» **WORK ORDER**
Where in the entries below does "pitch" appear? Copy every line that has it.

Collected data
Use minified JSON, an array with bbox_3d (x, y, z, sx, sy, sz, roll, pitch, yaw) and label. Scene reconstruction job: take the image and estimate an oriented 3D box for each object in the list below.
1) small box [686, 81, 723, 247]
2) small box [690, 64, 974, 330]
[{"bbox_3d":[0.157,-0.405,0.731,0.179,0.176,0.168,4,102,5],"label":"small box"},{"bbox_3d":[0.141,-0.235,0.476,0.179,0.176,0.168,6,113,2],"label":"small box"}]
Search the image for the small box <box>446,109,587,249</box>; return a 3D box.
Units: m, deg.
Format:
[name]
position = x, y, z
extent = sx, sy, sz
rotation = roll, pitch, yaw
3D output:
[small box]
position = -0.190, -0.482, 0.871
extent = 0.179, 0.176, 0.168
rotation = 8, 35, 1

---

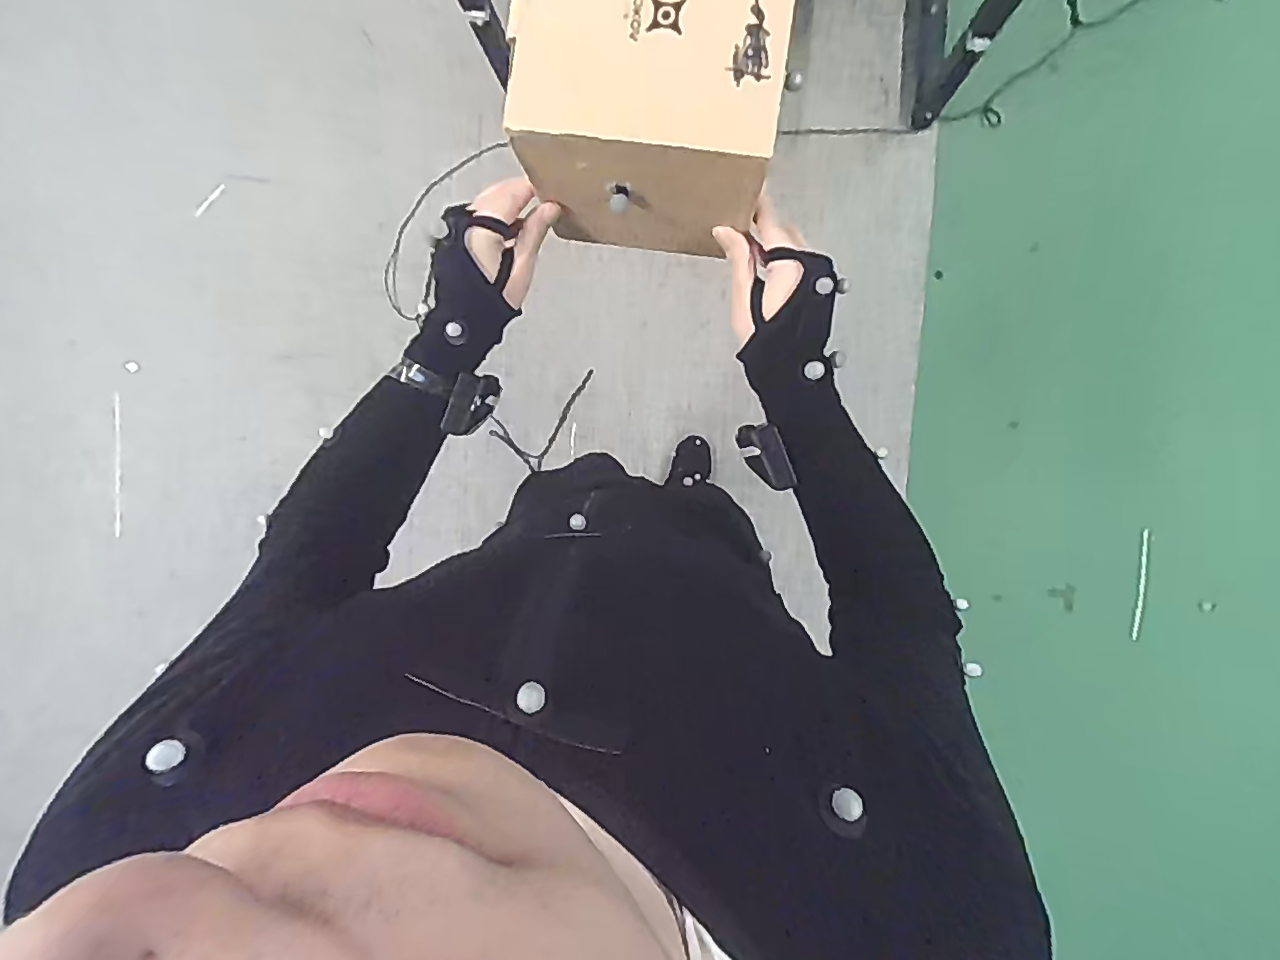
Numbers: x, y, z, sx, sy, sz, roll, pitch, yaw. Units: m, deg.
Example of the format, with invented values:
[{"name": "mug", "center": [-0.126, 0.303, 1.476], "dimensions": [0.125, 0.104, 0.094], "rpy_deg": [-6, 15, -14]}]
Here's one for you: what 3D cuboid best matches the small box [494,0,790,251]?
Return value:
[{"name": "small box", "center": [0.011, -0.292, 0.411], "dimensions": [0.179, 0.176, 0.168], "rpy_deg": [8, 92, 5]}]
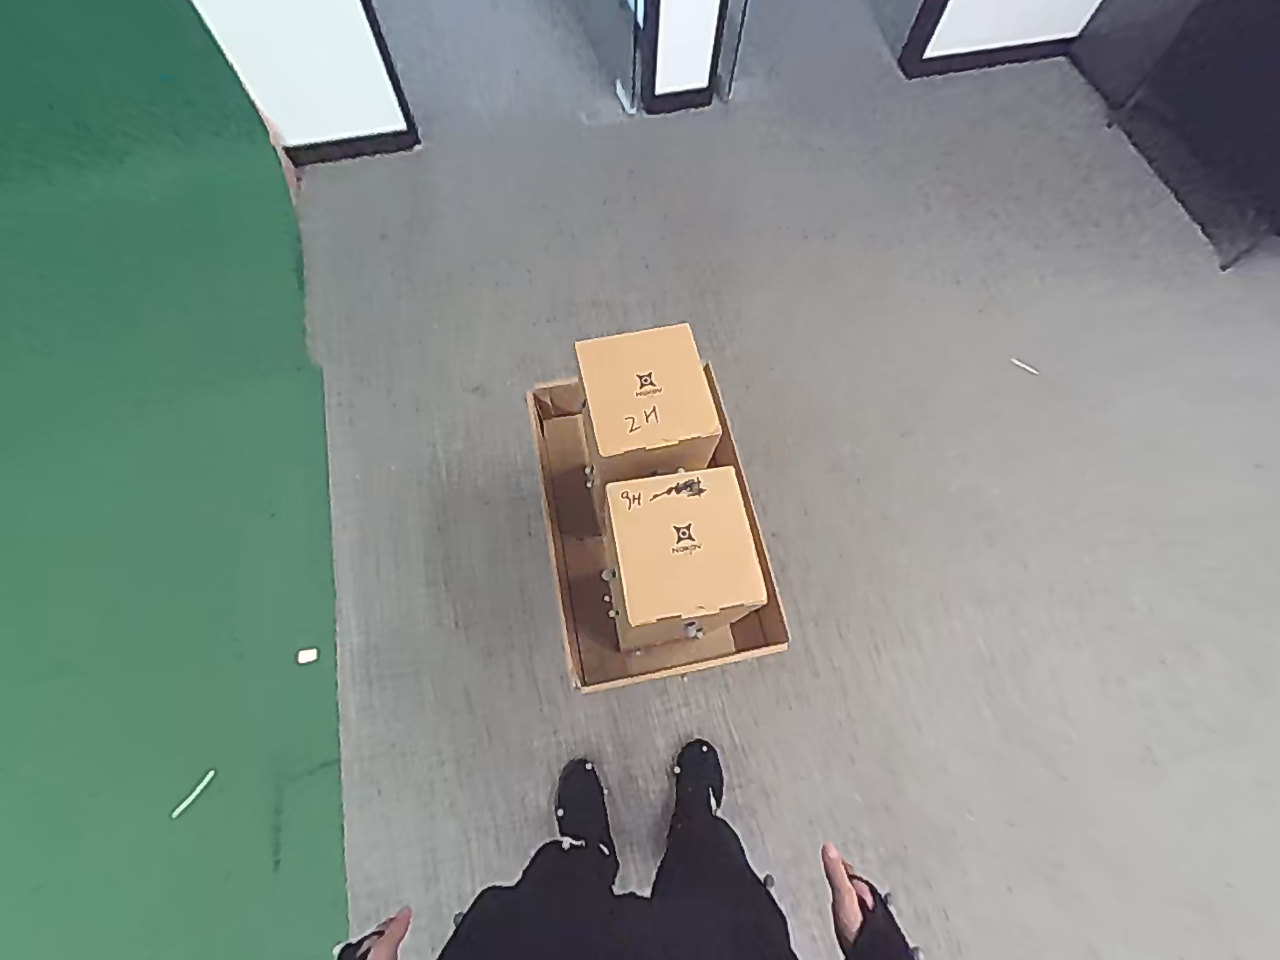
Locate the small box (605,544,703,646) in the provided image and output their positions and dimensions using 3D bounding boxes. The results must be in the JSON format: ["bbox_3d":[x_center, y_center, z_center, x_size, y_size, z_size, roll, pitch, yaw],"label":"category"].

==

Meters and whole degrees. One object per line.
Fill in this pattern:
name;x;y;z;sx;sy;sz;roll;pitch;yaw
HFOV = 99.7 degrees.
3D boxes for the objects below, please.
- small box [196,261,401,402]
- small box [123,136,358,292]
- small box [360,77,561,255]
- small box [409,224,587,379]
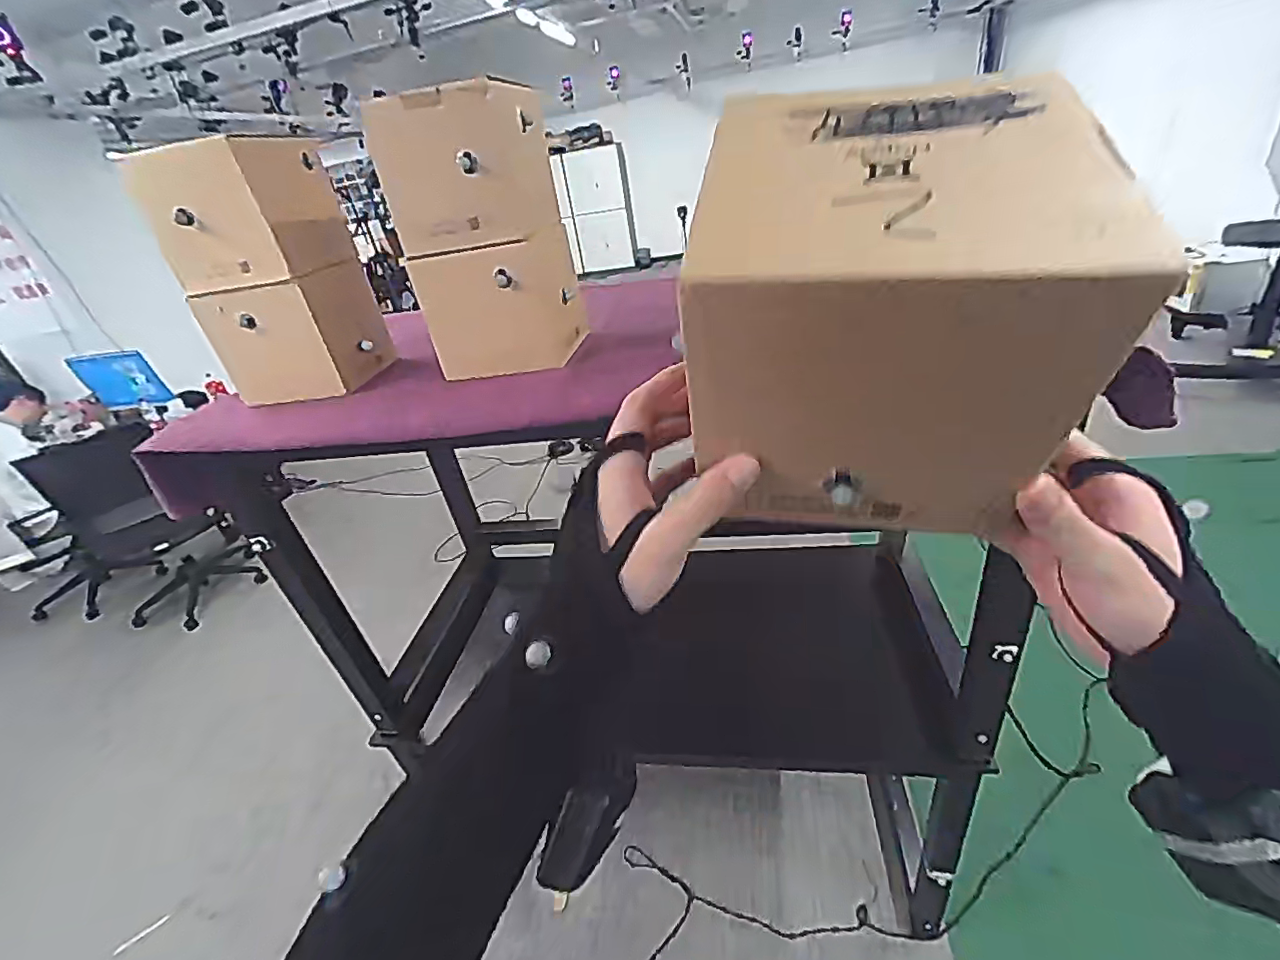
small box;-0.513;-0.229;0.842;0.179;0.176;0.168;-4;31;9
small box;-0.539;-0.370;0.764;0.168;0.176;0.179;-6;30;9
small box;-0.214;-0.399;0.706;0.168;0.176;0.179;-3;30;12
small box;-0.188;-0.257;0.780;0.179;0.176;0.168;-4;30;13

» **ANSWER BOX**
Use minified JSON, an array with bbox_3d (x, y, z, sx, sy, sz, roll, pitch, yaw) and label. Scene reconstruction job: take the image and estimate an oriented 3D box for each object in the list below.
rotation = roll, pitch, yaw
Numbers: x, y, z, sx, sy, sz, roll, pitch, yaw. Units: m, deg.
Locate the small box (605,544,703,646) in the provided image and output their positions and dimensions using 3D bounding boxes. The results must be in the JSON format: ["bbox_3d":[x_center, y_center, z_center, x_size, y_size, z_size, roll, pitch, yaw],"label":"category"].
name;x;y;z;sx;sy;sz;roll;pitch;yaw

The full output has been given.